We refer to the process of replicating data between Kafka clusters “mirroring” to avoid confusion with the replication that happens amongst the nodes in a single cluster. Kafka comes with a tool for mirroring data between Kafka clusters. The tool consumes from a source cluster and produces to a destination cluster. A common use case for this kind of mirroring is to provide a replica in another datacenter. This scenario will be discussed in more detail in the next section.
You can run many such mirroring processes to increase throughput and for fault-tolerance (if one process dies, the others will take overs the additional load).
Data will be read from topics in the source cluster and written to a topic with the same name in the destination cluster. In fact the mirror maker is little more than a Kafka consumer and producer hooked together.
The source and destination clusters are completely independent entities: they can have different numbers of partitions and the offsets will not be the same.
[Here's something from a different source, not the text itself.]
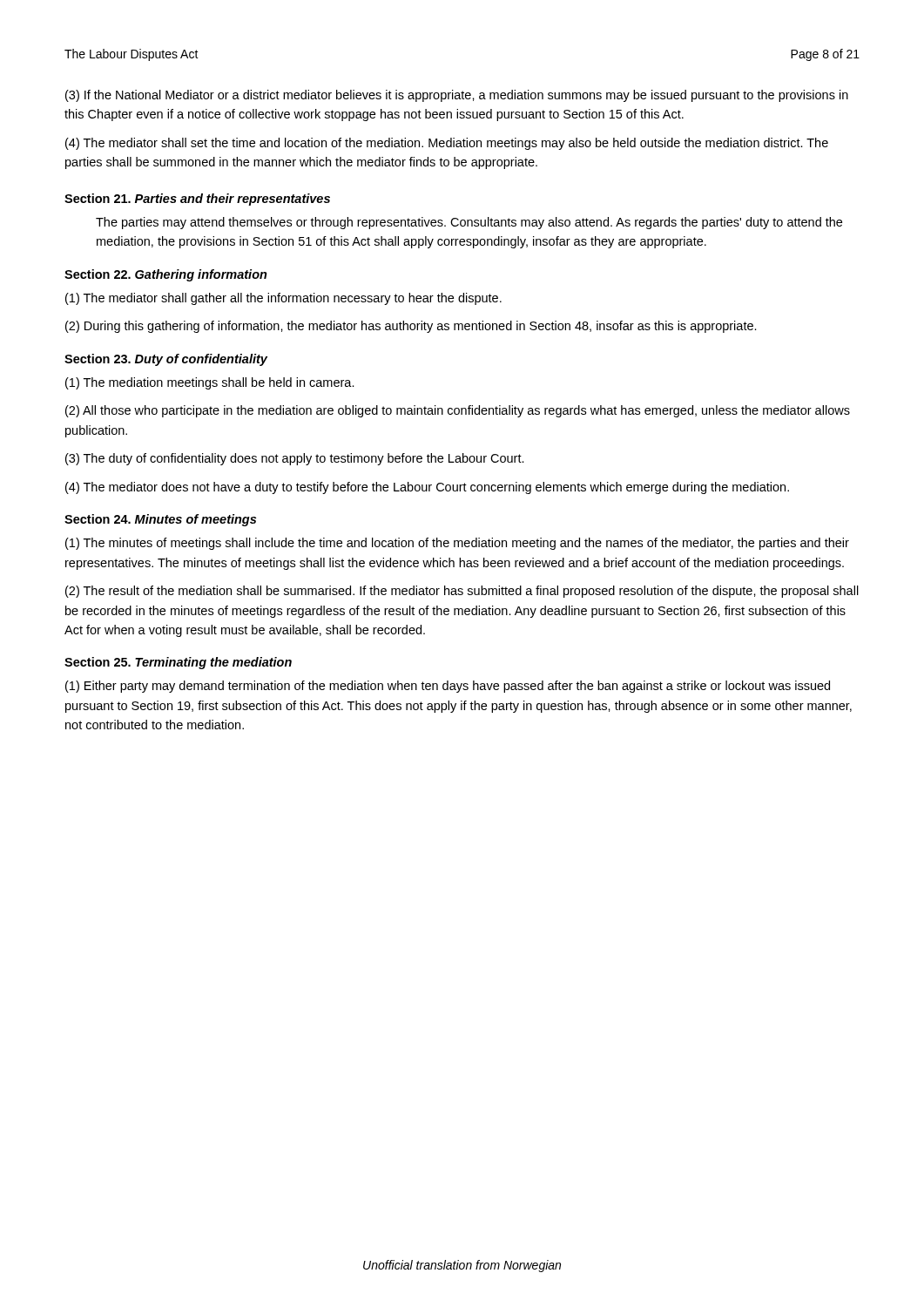Screen dimensions: 1307x924
Task: Locate the text block containing "(2) All those who participate in the mediation"
Action: pyautogui.click(x=457, y=420)

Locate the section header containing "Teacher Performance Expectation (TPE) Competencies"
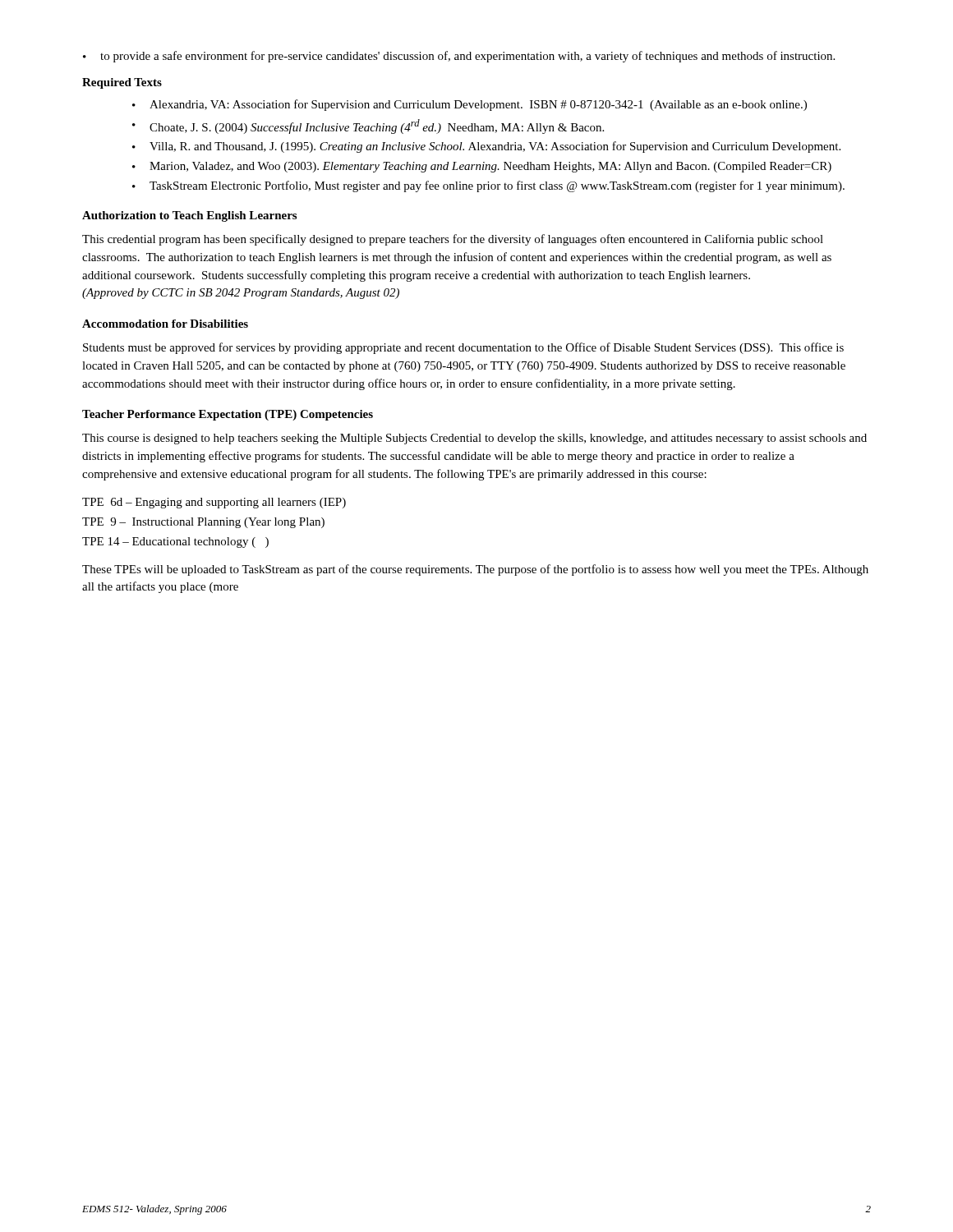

For this reason the mirror cluster is not really intended as a fault-tolerance mechanism (as the consumer position will be different); for that we recommend using normal in-cluster replication. The mirror maker process will, however, retain and use the message key for partitioning so order is preserved on a per-key basis.
Here is an example showing how to mirror a single topic (named my-topic) from an input cluster:
> bin/kafka-mirror-maker.sh
--consumer.config consumer.properties
--producer.config producer.properties --whitelist my-topic
Note that we specify the list of topics with the --whitelist
option. This option allows any regular expression using Java-style regular expressions. So you could mirror two topics named Aand B using --whitelist 'A|B'
. Or you could mirror all topics using --whitelist '*'
. Make sure to quote any regular expression to ensure the shell doesn’t try to expand it as a file path. For convenience we allow the use of ‘,’ instead of ‘|’ to specify a list of topics. Combining mirroring with the configuration auto.create.topics.enable=true
makes it possible to have a replica cluster that will automatically create and replicate all data in a source cluster even as new topics are added.